Although total gas consumption declines toward the end of the forecast, the decline is not equally distributed among the end-use sectors. With the exception of a 20 billion cubic foot decline in residential gas consumption at the very end of the forecast, the sector primarily responsible for the overall decline in total gas consumption is electric power generation. In the high gas price case, electric power gas consumption peaks in 2022 at 7.6 trillion cubic feet and then declines to 6.7 trillion cubic feet in 2025. As shown in Figure 6.10, in the high gas price case, natural gas consumption in the electric power sector is reduced in the later years of the forecast by increased consumption of coal and petroleum fuels, which is a fuel substitution effect, caused by high gas prices.

Other than the decline in electric power gas consumption toward the end of each high gas price case projection, the gas consumption profile of the high gas price S.139 case relative to the high gas price case is similar to those projected for S.139 in the other alternate scenarios. Specifically, the enactment of S.139 under high gas prices increases total cumulative incremental gas consumption from 2001 through 2025 by only 11.4 trillion cubic feet, relative to the high gas price case.

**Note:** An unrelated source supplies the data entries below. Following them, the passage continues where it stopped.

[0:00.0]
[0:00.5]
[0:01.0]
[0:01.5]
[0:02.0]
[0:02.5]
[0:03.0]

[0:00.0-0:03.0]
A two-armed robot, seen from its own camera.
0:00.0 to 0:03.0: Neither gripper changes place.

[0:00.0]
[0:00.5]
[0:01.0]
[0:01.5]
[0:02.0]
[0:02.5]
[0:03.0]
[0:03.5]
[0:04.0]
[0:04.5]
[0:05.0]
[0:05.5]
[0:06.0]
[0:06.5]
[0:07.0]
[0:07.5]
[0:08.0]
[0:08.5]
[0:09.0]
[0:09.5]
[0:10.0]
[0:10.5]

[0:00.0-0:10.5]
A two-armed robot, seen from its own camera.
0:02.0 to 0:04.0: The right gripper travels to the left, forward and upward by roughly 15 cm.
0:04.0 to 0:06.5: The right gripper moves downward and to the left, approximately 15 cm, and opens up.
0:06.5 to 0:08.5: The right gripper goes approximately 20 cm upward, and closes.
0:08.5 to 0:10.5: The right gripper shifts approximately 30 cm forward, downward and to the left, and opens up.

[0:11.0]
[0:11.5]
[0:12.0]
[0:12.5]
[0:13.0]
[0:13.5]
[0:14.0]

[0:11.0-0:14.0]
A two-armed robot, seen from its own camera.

Because the high gas prices in these cases make the use of natural gas less economically attractive, in the high gas price S.139 case, the electric power sector’s cumulative increase in gas consumption from 2001 through 2025 is only 14.2 trillion cubic feet more than in the high gas price case. In comparison, the cumulative increase in electric power gas consumption for the S.139 case relative to the reference case is projected to be 37.1 trillion cubic feet. Thus, the higher gas prices associated with these high gas price scenarios reduce the cumulative increase in electric power gas consumption by 62 percent relative to the reference case and S.139 case projections.

The impact of high gas prices on the electric power sector is also illustrated in the profile of electric generation capacity for the two high gas price cases. As can be seen in Figure 6.11, enactment of S.139 is projected to reduce 2025 coal-fired generation capacity by 218 gigawatts.170 Because of high gas prices, total natural gas generation capacity is projected to increase by only 19 gigawatts between the two cases in 2025. In contrast, both nuclear and renewable energy are projected to show large incremental increases in capacity between the two cases, as an offset to the decline in coal-fired capacity. In 2025, in the high gas price S.139 case, nuclear power capacity is 66 gigawatts greater than projected in the high gas price case. Similarly, in 2025, renewable energy capacity is 171 gigawatts greater in the high gas price S.139 case than in the high gas price case.171 The net effect of high gas prices is to increase the economic attractiveness of nuclear, renewable energy, and coal sequestration technology relative to gas-fired capacity. If S.139 were enacted under these conditions, the electric power industry would be expected to build primarily new nuclear, renewable energy, and coal sequestration facilities to reduce the carbon emissions produced by coal-fired electricity generation.

In the high gas price cases, the other end-use sectors also react in a similar manner to enactment of S.139. Residential and industrial gas consumption levels are projected to decline on a cumulative basis from 2001 through 2025—by 2.2 and 1.7 trillion cubic feet, respectively—due to the higher gas prices. In the industrial sector, the reduction in natural gas consumption reflects the overall drop in industrial energy use.172 The commercial sector, in contrast, is projected to show a cumulative increase in commercial gas consumption, due to the sector’s ability to employ distributed electricity generation facilities as a means of avoiding the higher electricity prices projected as a result of S.139 enactment.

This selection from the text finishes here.